TRY IT | Where does the word "camera" occur in the entries below? Copy every line that has it.

[Extracted records]
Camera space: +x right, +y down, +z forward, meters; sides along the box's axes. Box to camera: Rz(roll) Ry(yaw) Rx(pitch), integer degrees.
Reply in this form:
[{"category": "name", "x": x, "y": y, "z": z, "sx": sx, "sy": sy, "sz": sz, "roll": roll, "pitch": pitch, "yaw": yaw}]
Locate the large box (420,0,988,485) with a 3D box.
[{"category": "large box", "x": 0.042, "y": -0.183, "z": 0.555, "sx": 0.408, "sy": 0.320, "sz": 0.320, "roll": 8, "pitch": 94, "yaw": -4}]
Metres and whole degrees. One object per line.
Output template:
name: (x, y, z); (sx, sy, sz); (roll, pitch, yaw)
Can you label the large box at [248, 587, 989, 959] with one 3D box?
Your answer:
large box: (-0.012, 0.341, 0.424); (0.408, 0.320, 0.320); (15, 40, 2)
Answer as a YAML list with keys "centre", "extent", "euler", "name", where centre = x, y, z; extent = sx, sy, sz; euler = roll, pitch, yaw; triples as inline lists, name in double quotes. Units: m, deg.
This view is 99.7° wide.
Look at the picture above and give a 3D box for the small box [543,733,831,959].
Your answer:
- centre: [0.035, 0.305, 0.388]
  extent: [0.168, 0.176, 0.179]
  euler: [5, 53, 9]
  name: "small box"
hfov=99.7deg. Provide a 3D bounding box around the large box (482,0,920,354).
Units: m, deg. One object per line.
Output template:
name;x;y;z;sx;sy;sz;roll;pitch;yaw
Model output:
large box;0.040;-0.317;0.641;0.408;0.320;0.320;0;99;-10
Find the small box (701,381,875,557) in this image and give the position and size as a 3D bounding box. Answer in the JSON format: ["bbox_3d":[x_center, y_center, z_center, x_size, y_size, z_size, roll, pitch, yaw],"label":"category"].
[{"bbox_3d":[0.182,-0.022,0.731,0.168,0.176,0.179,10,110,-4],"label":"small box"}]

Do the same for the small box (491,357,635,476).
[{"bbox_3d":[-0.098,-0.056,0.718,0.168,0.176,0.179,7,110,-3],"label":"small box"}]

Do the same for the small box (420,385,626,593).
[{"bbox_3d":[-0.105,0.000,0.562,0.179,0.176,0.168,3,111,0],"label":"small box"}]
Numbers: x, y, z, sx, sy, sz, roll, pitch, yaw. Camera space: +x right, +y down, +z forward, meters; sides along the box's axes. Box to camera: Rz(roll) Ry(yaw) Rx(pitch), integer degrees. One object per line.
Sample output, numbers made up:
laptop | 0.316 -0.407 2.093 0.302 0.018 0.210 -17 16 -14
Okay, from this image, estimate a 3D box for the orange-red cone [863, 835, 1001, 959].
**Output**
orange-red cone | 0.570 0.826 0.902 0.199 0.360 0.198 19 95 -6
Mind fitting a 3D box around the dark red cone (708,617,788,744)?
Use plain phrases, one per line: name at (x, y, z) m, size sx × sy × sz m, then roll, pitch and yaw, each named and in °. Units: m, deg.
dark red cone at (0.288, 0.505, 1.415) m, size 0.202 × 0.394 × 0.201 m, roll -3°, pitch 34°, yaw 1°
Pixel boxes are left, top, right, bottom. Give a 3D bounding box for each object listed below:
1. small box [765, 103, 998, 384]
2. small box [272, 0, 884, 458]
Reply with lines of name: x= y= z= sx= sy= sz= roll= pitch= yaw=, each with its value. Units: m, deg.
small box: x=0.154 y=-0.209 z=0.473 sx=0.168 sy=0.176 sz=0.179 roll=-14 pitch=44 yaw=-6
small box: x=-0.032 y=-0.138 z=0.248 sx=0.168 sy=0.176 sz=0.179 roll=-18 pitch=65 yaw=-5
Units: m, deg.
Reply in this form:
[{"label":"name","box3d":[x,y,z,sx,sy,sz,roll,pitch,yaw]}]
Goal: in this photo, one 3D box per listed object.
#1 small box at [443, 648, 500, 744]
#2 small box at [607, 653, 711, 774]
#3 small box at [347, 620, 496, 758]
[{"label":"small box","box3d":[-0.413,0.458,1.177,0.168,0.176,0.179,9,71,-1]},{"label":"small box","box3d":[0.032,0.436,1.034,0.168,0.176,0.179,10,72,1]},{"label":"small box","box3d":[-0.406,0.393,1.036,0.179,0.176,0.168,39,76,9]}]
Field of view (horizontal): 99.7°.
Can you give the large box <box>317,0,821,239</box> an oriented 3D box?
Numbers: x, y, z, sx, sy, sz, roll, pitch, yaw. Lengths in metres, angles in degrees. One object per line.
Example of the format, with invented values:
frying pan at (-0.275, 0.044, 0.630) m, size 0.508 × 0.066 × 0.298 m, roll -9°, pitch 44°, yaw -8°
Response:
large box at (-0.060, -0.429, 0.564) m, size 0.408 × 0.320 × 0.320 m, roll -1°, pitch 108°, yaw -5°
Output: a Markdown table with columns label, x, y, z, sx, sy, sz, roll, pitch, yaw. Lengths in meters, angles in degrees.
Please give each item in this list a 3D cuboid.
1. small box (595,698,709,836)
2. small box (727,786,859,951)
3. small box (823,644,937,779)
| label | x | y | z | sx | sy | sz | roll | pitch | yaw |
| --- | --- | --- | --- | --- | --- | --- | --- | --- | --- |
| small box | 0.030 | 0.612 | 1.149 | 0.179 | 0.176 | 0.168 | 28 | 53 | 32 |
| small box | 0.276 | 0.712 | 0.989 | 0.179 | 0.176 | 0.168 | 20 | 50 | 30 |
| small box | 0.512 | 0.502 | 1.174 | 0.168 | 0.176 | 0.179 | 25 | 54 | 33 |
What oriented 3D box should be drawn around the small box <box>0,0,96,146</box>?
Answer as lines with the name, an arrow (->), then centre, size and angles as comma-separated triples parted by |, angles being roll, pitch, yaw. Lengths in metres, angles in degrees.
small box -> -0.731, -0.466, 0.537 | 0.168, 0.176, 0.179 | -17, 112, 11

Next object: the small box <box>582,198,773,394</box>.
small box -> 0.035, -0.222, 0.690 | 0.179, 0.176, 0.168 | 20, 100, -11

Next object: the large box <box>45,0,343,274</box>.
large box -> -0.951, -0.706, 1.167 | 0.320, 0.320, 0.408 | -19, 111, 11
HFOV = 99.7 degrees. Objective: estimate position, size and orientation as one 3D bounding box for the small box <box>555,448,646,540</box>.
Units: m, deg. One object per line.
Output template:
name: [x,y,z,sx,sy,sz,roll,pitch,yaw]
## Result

RESULT OF THE TASK |
Camera space: +x right, +y down, +z forward, meters; sides along the box's axes. Box to camera: Rz(roll) Ry(yaw) Rx(pitch), integer degrees.
Numbers: x, y, z, sx, sy, sz, roll, pitch, yaw. Camera space: +x right, +y down, +z forward, meters; sides along the box's axes. Box to camera: Rz(roll) Ry(yaw) Rx(pitch), integer degrees. One object per line.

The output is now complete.